Is tuition necessary? No, but how long can we hold out?

In Singapore, nearly eight in 10 households with primary school children have tuition, according to a new Straits Times survey.

I belong to the minority 20 per cent that don't. But it is a struggle to resist. I decided not to send my daughter, aged nine, to extra academic classes so our weekends will be relaxed and flexible.

Call me a selfish and lazy mother if you must - but I believe there is more to life than having to plan family weekends around the timetable of your child's weekly enrichment classes. (Already, Sunday afternoons are kept free for her ballet class. Piano was dropped a couple of months back and what a relief we felt. Such enrichment classes in non-academic subjects aren't considered tuition in the survey.)

Many Singaporean parents I know spend their weekends rushing from one class to another.


The writer with her daughter, Nidia Sng, nine, at a padi field in Bali last month. Nidia’s teachers say she does not need tuition. The writer decided not to send her for extra academic classes so that their weekends will be relaxed and flexible. ST PHOTO: TAY HWEE PENG

During the holidays last month, I spent 30 hours - over five days of annual leave - to take my daughter to a five-day creative writing class in Tampines. We travelled by bus.

Were the course fees of $600 well spent? I have no answer. Parents who send their children to regular tuition fork out even more, I console myself.

 

The Straits Times-Nexus Link survey, one of the few conducted on an important issue that all Singaporean parents grapple with, shows that seven in 10 parents do not think tuition improved their children's grades noticeably.

 

So why are parents still spending time and money - a median of $155 to $260 a month - on something that doesn't benefit their children?

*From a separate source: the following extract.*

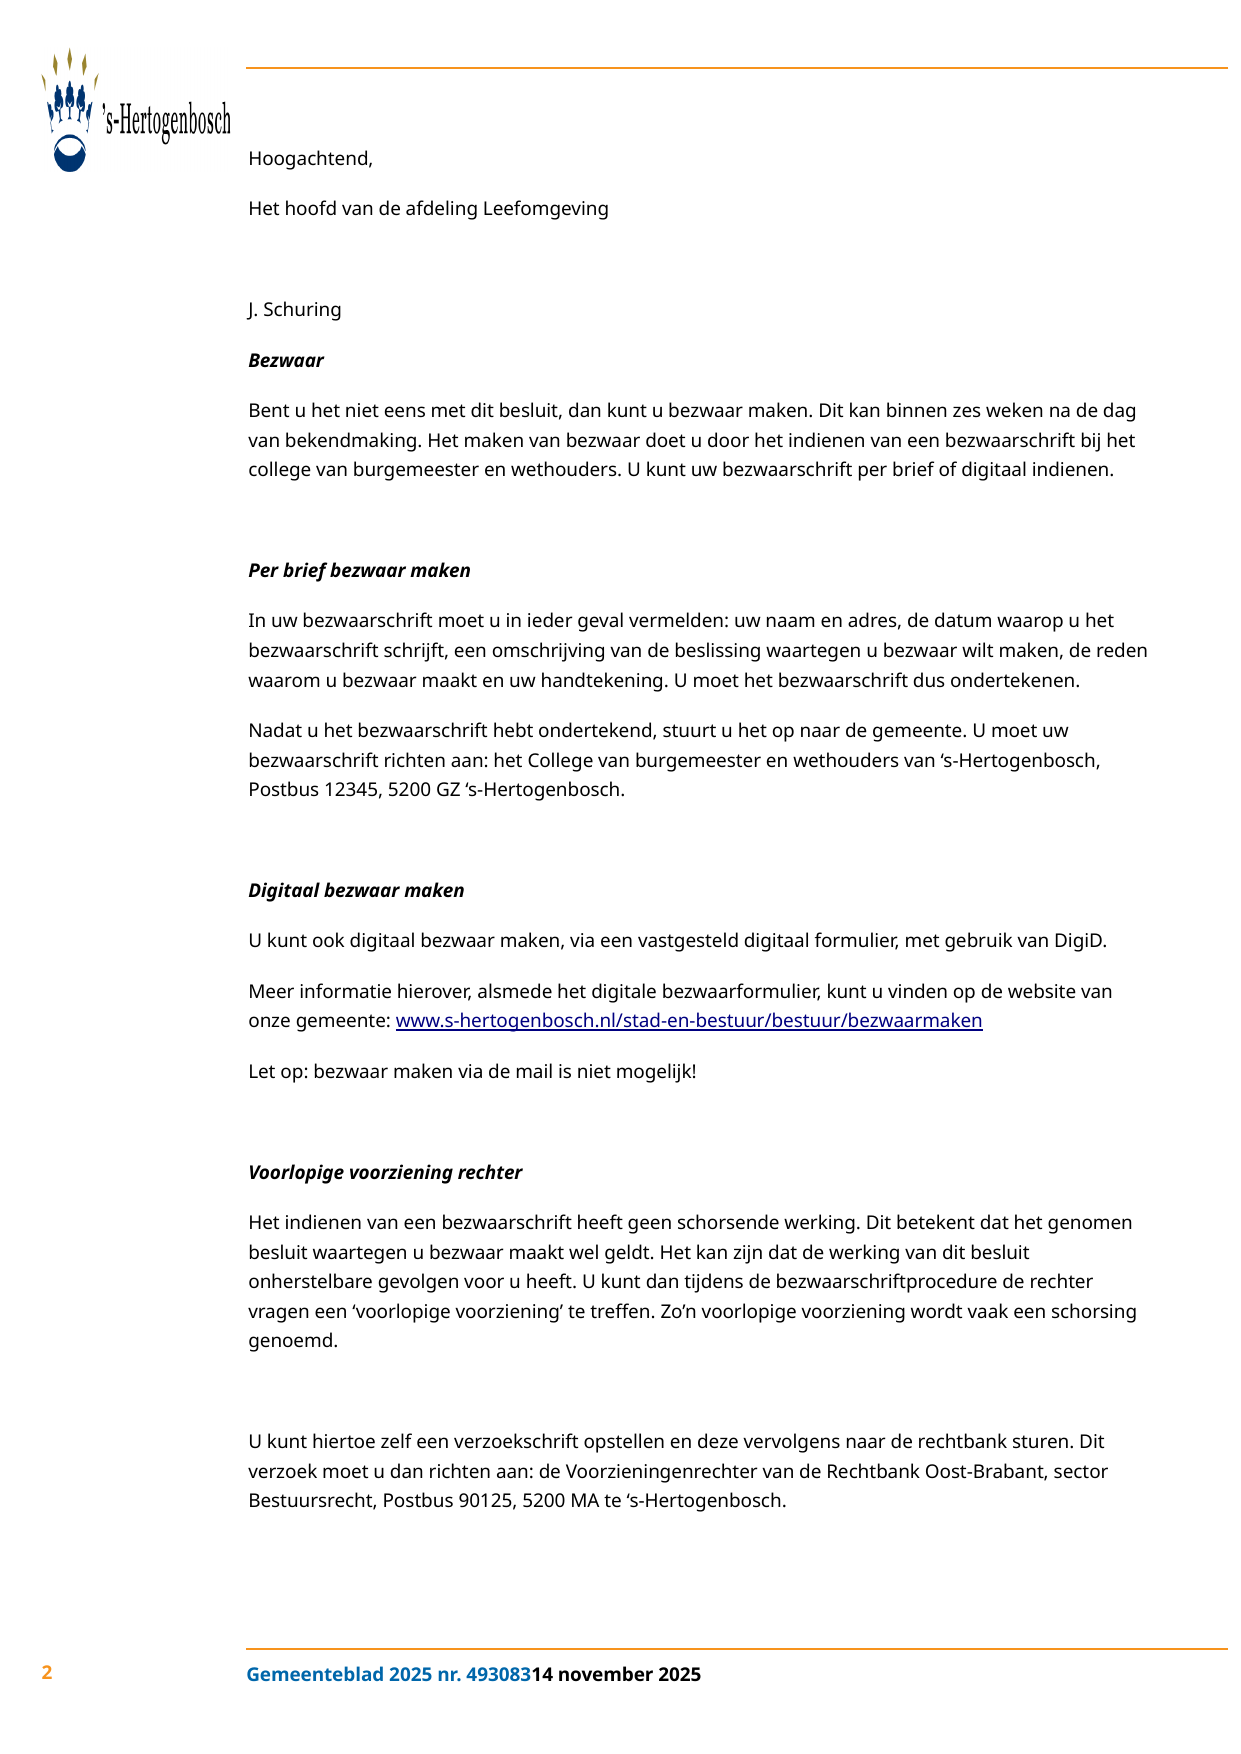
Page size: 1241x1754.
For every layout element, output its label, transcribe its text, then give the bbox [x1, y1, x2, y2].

The answer lies in one word: Fear. Fear that your child is losing out to others; and fear that he or she is idling time away on weekends and during school holidays.

But perhaps parents forget the opportunity cost of sending their children to extra classes. In my case, I wouldn't know if the extra holiday class would boost my daughter's English marks. But one thing is for sure: We had to skip The Little Prince In The Dark exhibition at Alliance Francaise de Singapour. By the time we reached home at 4pm on those days, we were exhausted.

It is tiring to take your child around for tuition or extra classes. But it is actually no less tiring to take on the role of tutor yourself.

It takes discipline and commitment from both parent and child to keep track of the school timetable, check homework, and plan and stick to a revision routine.

My friends and relatives have been on my case about this. Why not just hire a tutor and outsource all that fussing? They share with me their ever-growing list of good tutors. They ask me why I'm being so hard on myself and why I'm short-changing my own child.

One mother who should know predicted: "It's just a matter of time. You can no longer resist tuition when she enters Primary 3 and has to study science."

Her words have since come back to haunt me. Last weekend, I got myself a Primary 3 and 4 science guide for parents and wondered if it was now time to get her a science tutor . "Didn't you manage to get an A-star for PSLE science without tuition?" my husband asked in jest. I did, but those grades are useless now. "Times have changed. Kids are smarter these days," my daughter's science teacher replied when I asked why the science questions were so tough.

I signed up for a mathematics workshop recently to learn how to use models to solve problem sums. The instructor let on that the current maths syllabus is three years ahead of the level taught to pupils 30 years ago. Our Primary 3 and Primary 4 pupils are learning the equivalent of our Primary 6 and Secondary 1 maths from back then.

The packed room went stone silent, and several participants later went up to the instructor for help. He is the author of a series of maths assessment books. The kiasu mother in me bought his book the very next day, adding to the pile of unfinished assessment books at home.

My daughter's teachers tell me she doesn't need tuition. I don't want it and neither does my daughter. But my husband says I should stop portraying tuition as a Big Bad Monster. Because one day she might need it and have a hard time reconciling with the Big Bad Monster.

I wonder: How long can we hold out against tuition? And how and when did tuition become such a necessary evil in Singapore?